Washington, D.C. – Senate Majority Leader Chuck Schumer (D-NY) today delivered remarks at the Senate Judiciary Committee introducing Myrna Pérez, his recommendation to be a Judge on the Second Circuit Court of Appeals. Below are Senator Schumer’s remarks, which can also be viewed here:
It is my honor, my true honor, to introduce a nominee to the committee for the Second Circuit Court of Appeals in New York: Myrna Pérez, an experienced litigator and one of the foremost election lawyers in the country, whom I was so, so proud to recommend to President Biden.
Myrna Pérez’s life is a quintessentially American story. The daughter of Mexican immigrants, Myrna grew up in San Antonio, not quite Brooklyn, where her dad served in the Air Force and her mom worked as a waitress and then at the post office. As she will tell you, her upbringing was steeped in the immigrant experience of many first-generation Americans. There was the constant struggle against racial, social, and cultural barriers as the Pérez family found its place in America.
In fact, when Myrna was a kid, her aunt would take her to the polls on Election Day. Even in her early years, she saw firsthand how cultural differences and byzantine rules made it immensely difficult for Americans like her to engage in the political process—foreshadowing a career dedicated to the defense of voting rights and equal representation for all Americans.
And it was no mistake that she chose the legal profession as the means to achieve that noble goal. Myrna’s family will tell you the story of how, once, as a kid, she protested that her cousin tried to keep a fish he caught that was technically below the legal size for catch-and-keep.
Do you remember what kind of fish it was? [Crosstalk].
A trout. We have those in New York, too.
It was the innate appreciation for the rule of law that propelled Myrna through Yale, Harvard, and eventually Columbia Law School—the first in her family to graduate from college. I hear these stories and it gives me such faith in America, but such a strong desire to create greater and more equal justice in this country. We have so much potential, we have such a wonderful country. We just have to live up to it. And with a nomination like this, we are. After two clerkships on the federal bench, Myrna worked as a Civil Rights Fellow in private practice before joining the Brennan Center for Justice at NYU, of course named after the great Justice Brennan.
It was at the Brennan Center that Myrna established a reputation as one of the top voting rights and election lawyers in the country. For the last fifteen years, she has been involved in election-related litigation: everything from voter roll purges, discriminatory voter-ID laws, the voting rights of formerly incarcerated people, and protecting the ballot from unlawful rejection.
My colleagues, the federal bench has long been occupied by former prosecutors and corporate lawyers. While many of these people—many of whom I proudly recommended—have served admirably, it’s past time that the federal bench reflect more accurately the true depth and breadth and talent that the legal profession has to offer.

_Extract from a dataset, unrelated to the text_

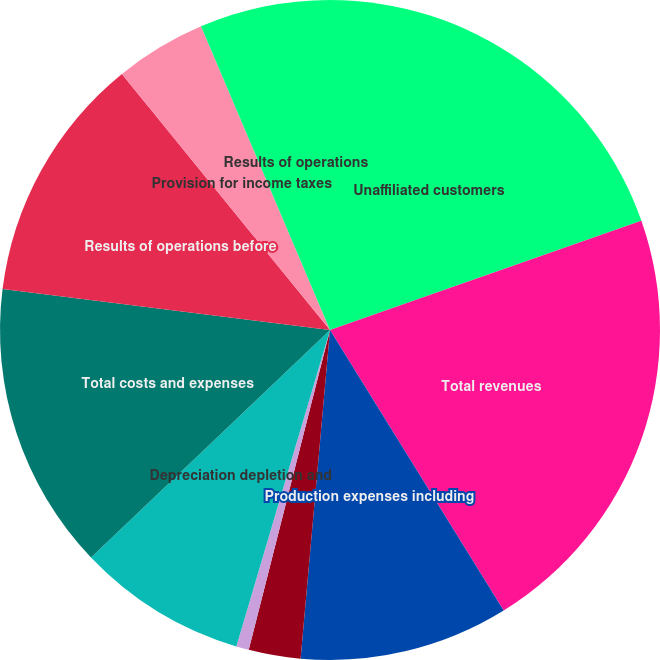Convert chart. <chart><loc_0><loc_0><loc_500><loc_500><pie_chart><fcel>Unaffiliated customers<fcel>Total revenues<fcel>Production expenses including<fcel>Exploration expenses including<fcel>General administrative and<fcel>Depreciation depletion and<fcel>Total costs and expenses<fcel>Results of operations before<fcel>Provision for income taxes<fcel>Results of operations<nl><fcel>19.63%<fcel>21.55%<fcel>10.24%<fcel>2.54%<fcel>0.62%<fcel>8.31%<fcel>14.09%<fcel>12.16%<fcel>4.47%<fcel>6.39%<nl></chart>

It is about time that civil rights attorneys, federal defenders, and voting rights experts like Myrna Pérez join the ranks. Especially now, when our democracy in many ways is in peril, it is crucial that we elevate someone like Ms. Pérez to the bench—someone we can trust to faithfully and equally apply the law to preserve our great democracy.
But it’s not only about her experience as a voting rights litigator. After all, she’s going to hear all kinds of cases on the Second Circuit. What makes Ms. Pérez so qualified for this job is not merely her experience, but her legal excellence.
Just listen to what a few of her colleagues had to say about her:
“Brilliant,” one fellow attorney wrote, quite succinctly.
“A force of nature,” another said.
Another colleague rated her legal skills as simply “off the charts.”
I would add one additional note to these well-deserved praises: Ms. Pérez will serve as the first Latina to sit on the Second Circuit Court of Appeals since then-judge—now-Justice—Sonia Sotomayor, whom I had the great honor of recommending to President Obama for a seat on the highest court.
And let me just say when I met Ms. Pérez, she just knocked my socks off. Yes, she was brilliant. Amazing. Yes, she had real compassion and depth of experience. And she had a scintillating personality that I’m sure will help her persuade fellow members of the Second Circuit to the righteousness of the causes that she will follow.
So, I can think of no one, no one more fitting to carry on Justice Sotomayor’s legacy on the Second Circuit than Myrna Pérez. She’s amazing, and I’m so proud to nominate her. She carries my highest, highest, highest recommendation.